→ Task goal
Transcribed word for word, the lines below from the one with "Next, the person (614,575,636,634)." through the last line of the records form the answer; no picture is to be included.

Data records:

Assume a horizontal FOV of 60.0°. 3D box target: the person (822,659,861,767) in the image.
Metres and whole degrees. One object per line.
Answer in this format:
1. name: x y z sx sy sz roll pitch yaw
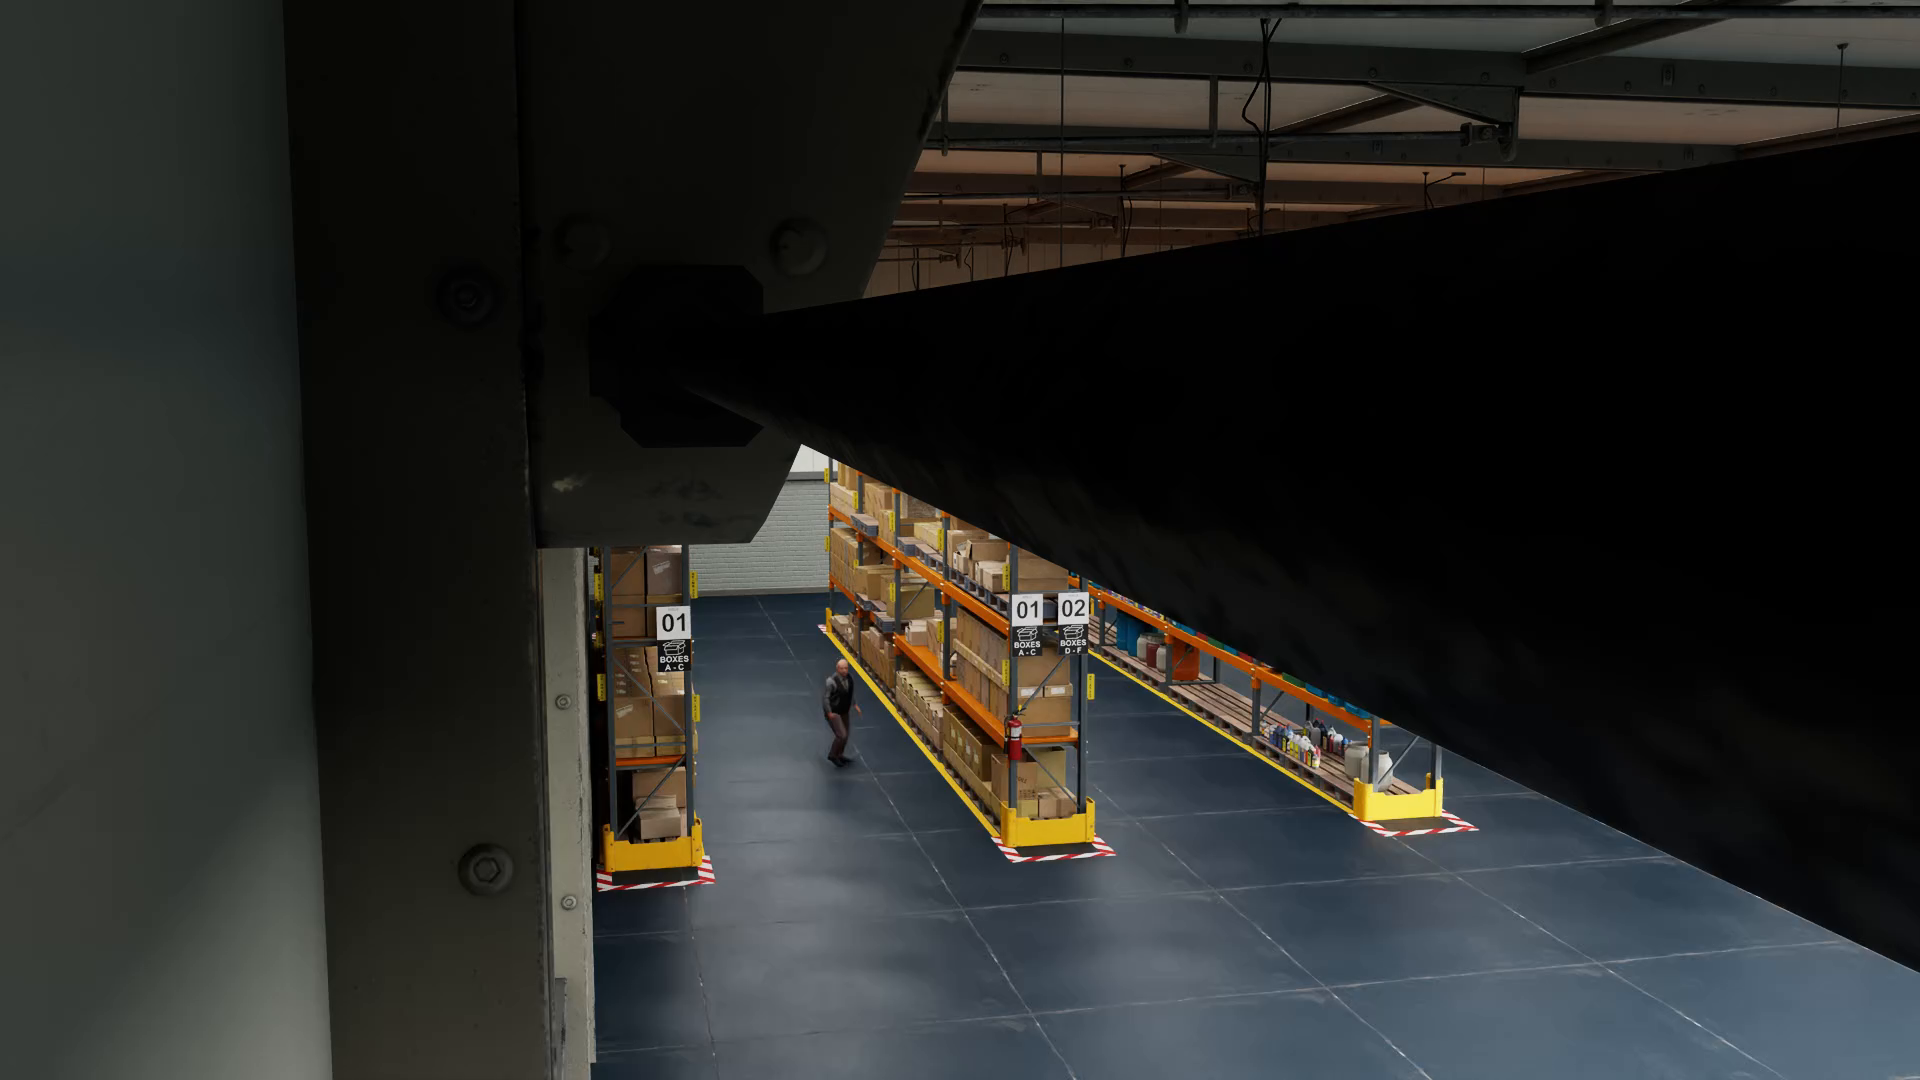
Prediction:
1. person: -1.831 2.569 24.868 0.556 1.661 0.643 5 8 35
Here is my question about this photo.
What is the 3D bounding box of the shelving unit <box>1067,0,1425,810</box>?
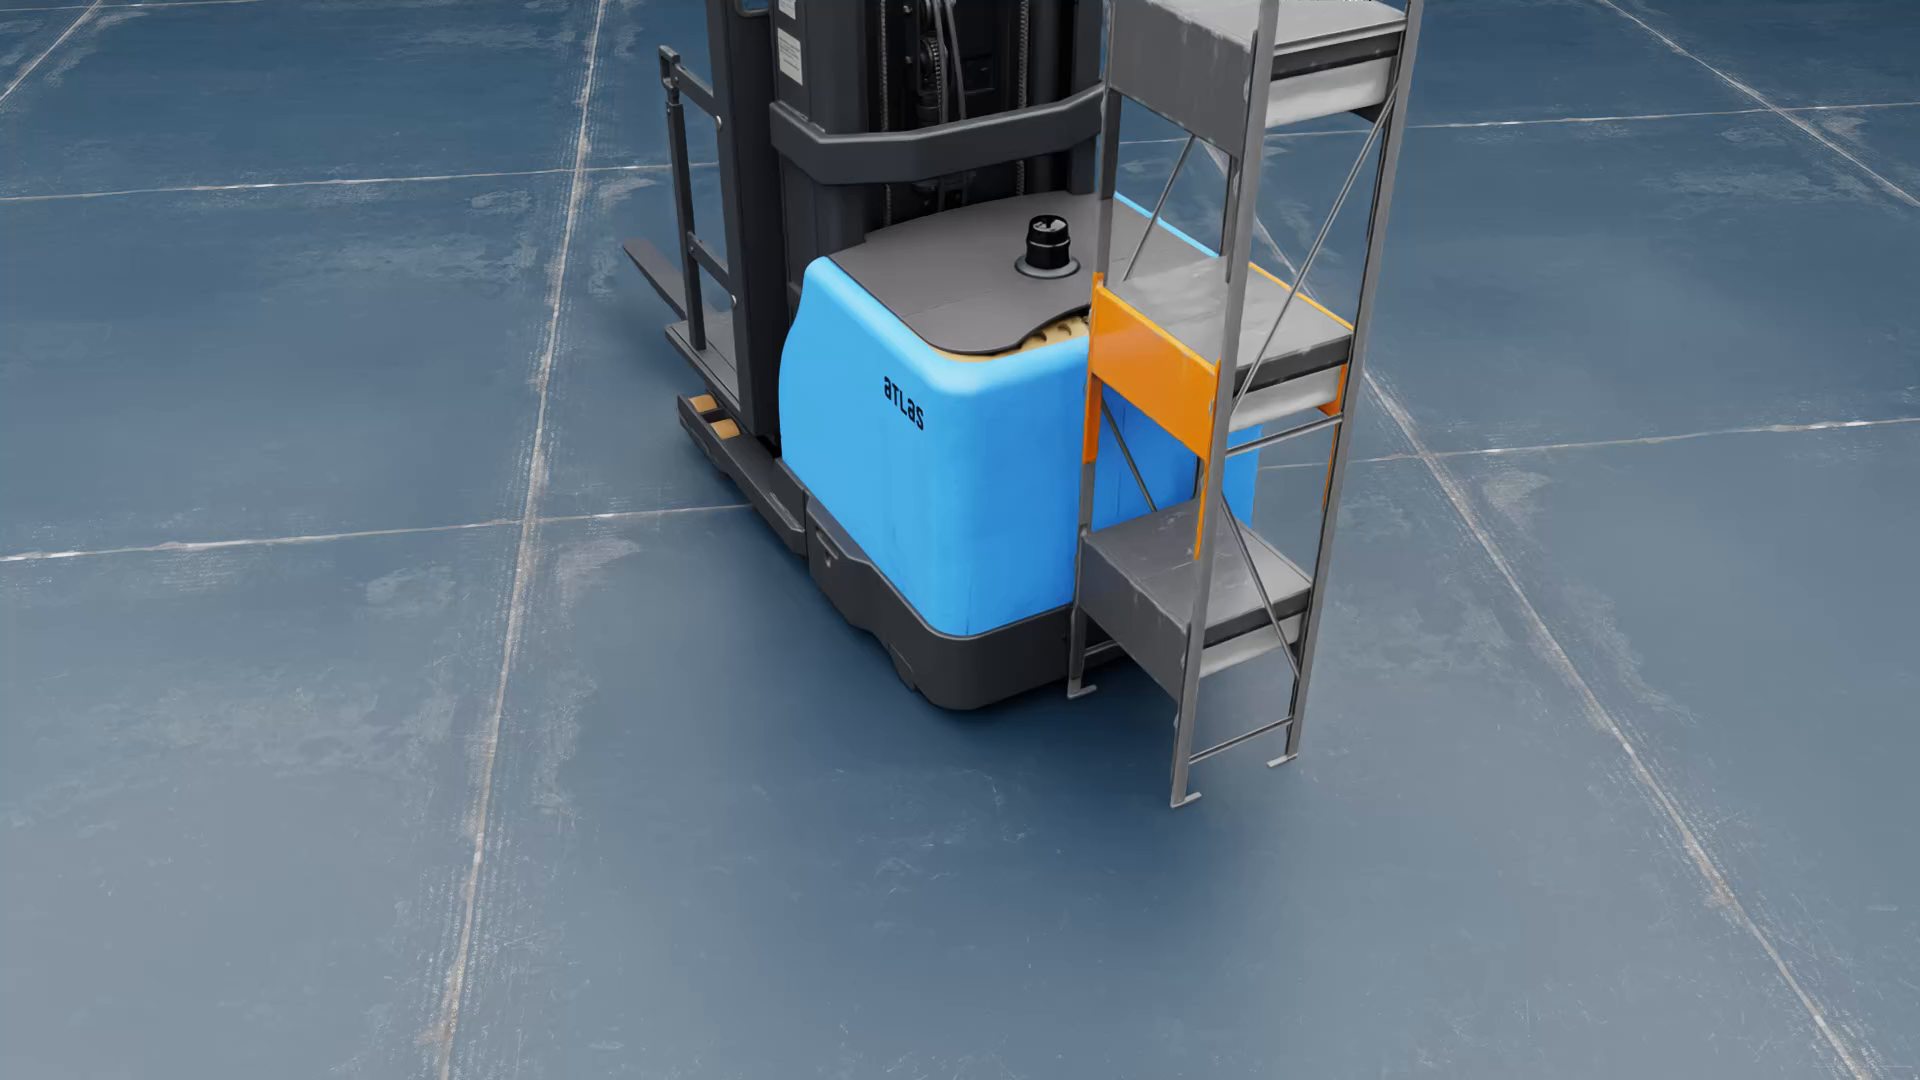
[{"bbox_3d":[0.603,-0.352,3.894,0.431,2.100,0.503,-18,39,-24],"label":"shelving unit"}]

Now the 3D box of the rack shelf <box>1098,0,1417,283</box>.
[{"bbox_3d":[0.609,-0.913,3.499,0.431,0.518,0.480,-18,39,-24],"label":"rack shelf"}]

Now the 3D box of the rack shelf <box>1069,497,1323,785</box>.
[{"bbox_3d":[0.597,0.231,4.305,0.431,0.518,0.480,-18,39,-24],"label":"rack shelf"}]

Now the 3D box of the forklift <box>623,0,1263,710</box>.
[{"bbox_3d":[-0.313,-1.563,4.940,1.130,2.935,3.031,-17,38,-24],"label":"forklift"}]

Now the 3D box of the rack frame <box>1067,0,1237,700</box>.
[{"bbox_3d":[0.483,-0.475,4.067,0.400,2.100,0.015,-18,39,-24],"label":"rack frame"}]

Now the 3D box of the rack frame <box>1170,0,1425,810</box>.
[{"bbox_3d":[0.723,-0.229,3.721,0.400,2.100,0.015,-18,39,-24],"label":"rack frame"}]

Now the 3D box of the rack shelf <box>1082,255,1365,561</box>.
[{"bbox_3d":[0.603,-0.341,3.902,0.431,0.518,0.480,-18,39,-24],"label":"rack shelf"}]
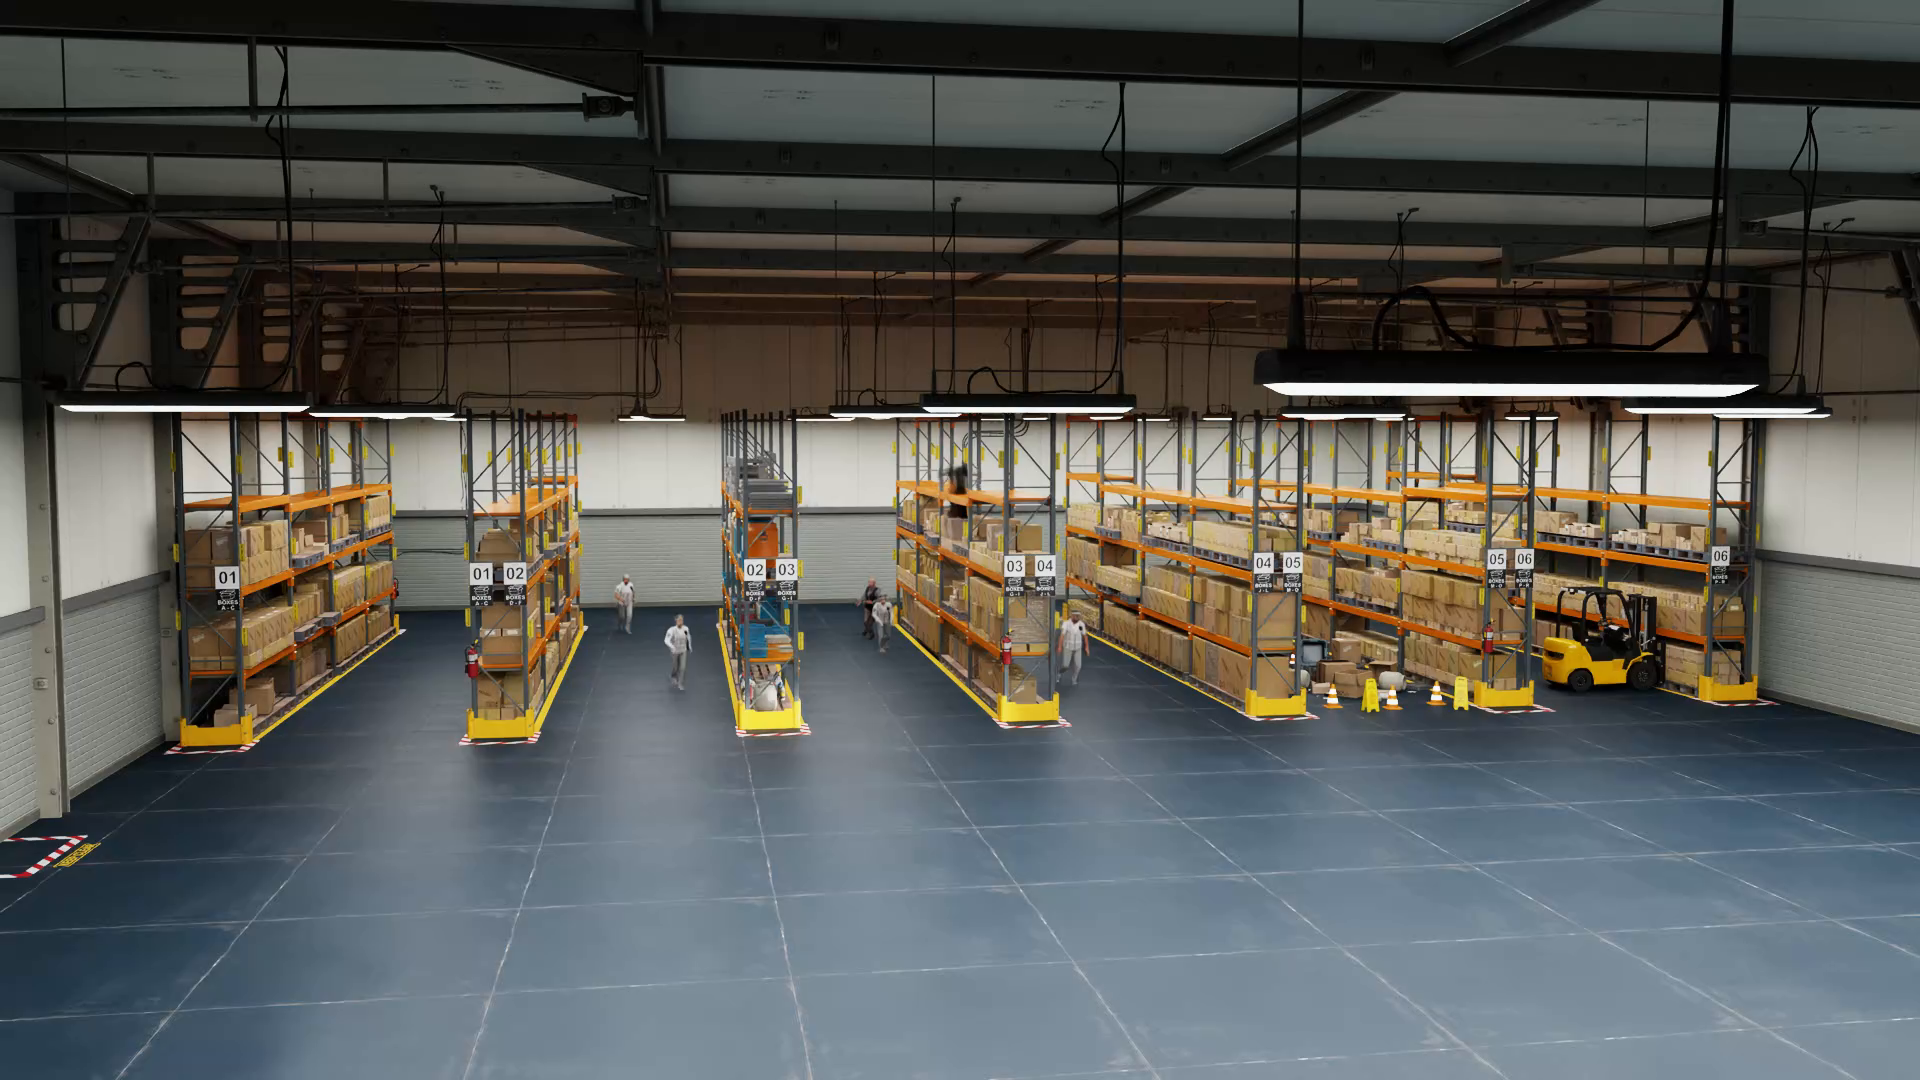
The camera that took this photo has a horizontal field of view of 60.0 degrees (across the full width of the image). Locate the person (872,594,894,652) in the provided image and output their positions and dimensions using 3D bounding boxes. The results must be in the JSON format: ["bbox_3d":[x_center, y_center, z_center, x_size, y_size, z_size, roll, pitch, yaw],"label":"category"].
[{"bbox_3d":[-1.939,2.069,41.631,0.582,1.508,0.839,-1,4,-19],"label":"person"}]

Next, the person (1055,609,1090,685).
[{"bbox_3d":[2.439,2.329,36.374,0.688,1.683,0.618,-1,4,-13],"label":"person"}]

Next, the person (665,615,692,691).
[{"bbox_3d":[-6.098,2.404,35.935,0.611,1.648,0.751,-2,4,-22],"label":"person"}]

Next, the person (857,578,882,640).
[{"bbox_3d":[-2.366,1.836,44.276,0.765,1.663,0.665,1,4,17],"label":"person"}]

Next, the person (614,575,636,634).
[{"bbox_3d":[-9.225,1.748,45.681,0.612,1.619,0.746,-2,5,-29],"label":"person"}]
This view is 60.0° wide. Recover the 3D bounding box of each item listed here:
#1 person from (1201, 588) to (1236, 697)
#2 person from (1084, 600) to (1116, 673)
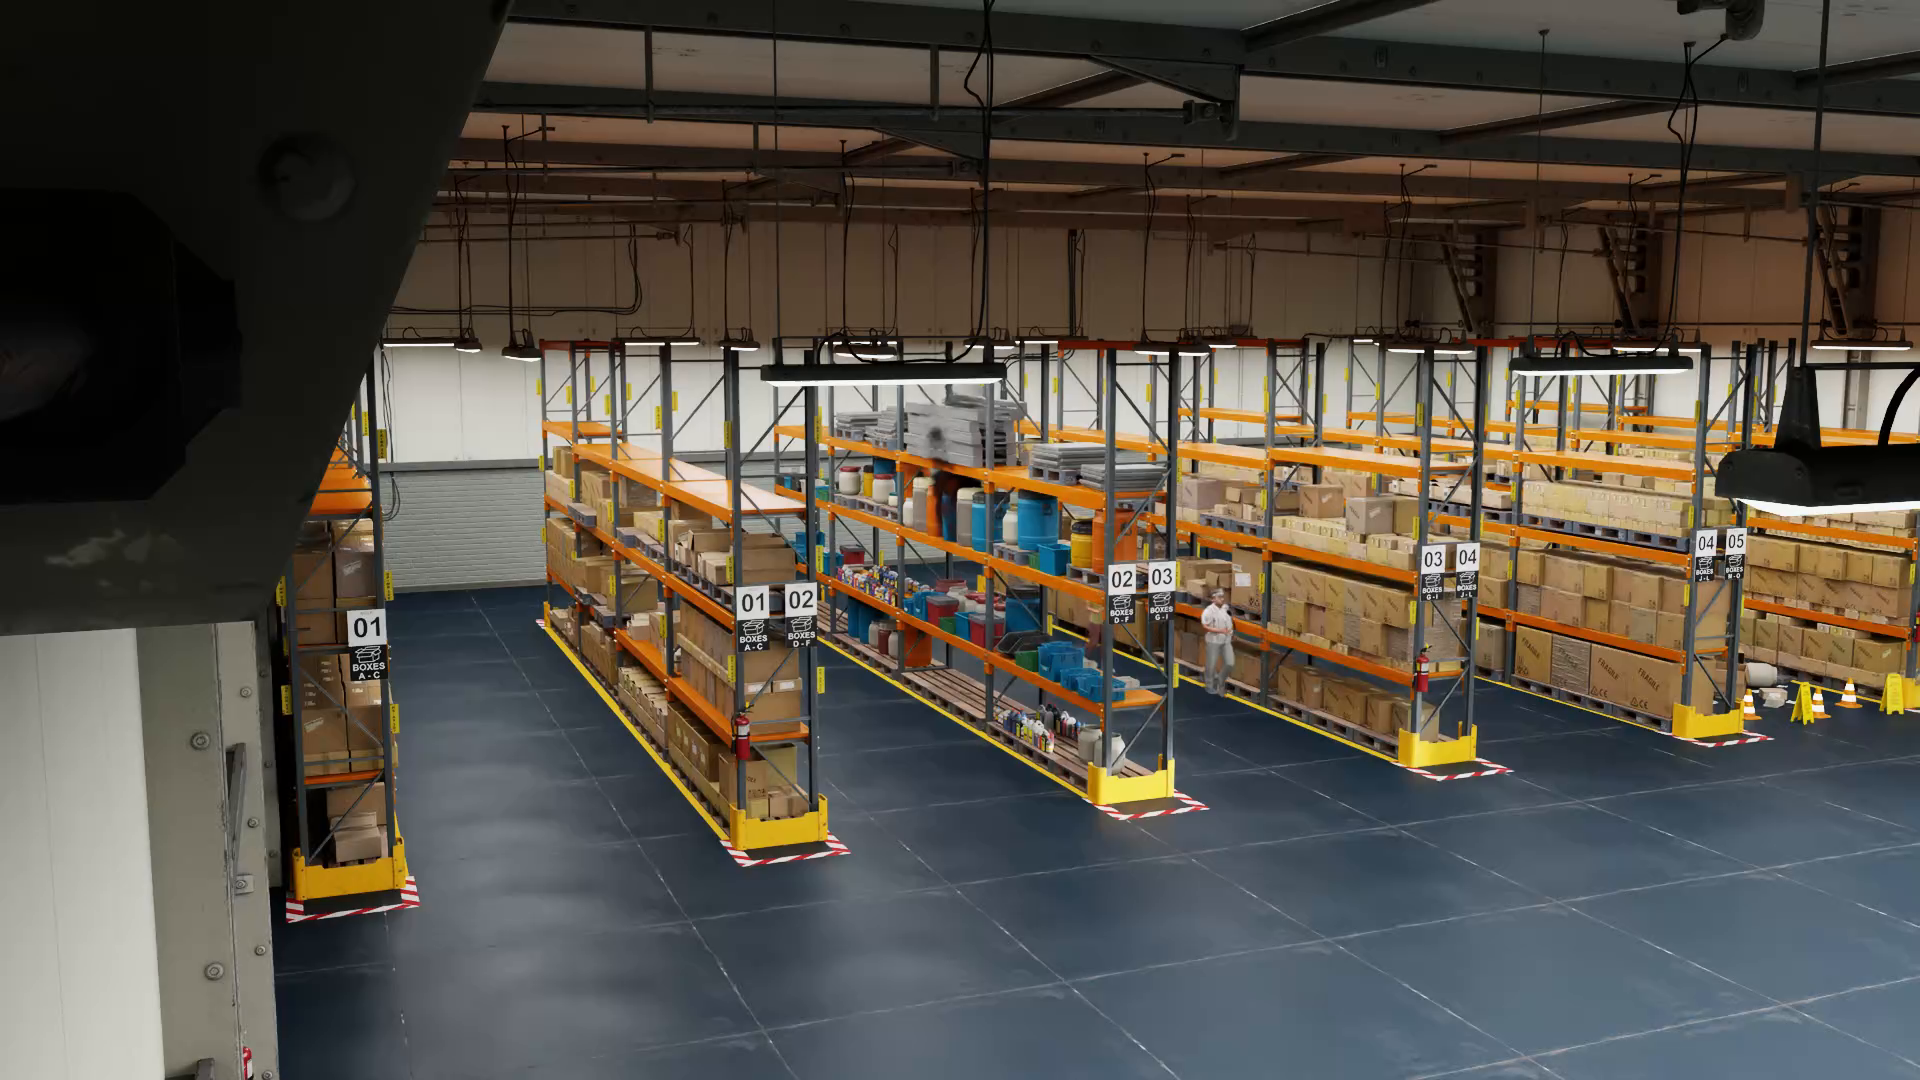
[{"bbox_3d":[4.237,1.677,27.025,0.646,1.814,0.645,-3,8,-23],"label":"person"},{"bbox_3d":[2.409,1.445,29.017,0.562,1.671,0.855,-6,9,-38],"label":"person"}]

→ Response
Next, the person (614,575,636,634).
[{"bbox_3d":[-9.225,1.748,45.681,0.612,1.619,0.746,-2,5,-29],"label":"person"}]
This view is 60.0° wide. Recover the 3D bounding box of each item listed here:
#1 person from (1201, 588) to (1236, 697)
#2 person from (1084, 600) to (1116, 673)
[{"bbox_3d":[4.237,1.677,27.025,0.646,1.814,0.645,-3,8,-23],"label":"person"},{"bbox_3d":[2.409,1.445,29.017,0.562,1.671,0.855,-6,9,-38],"label":"person"}]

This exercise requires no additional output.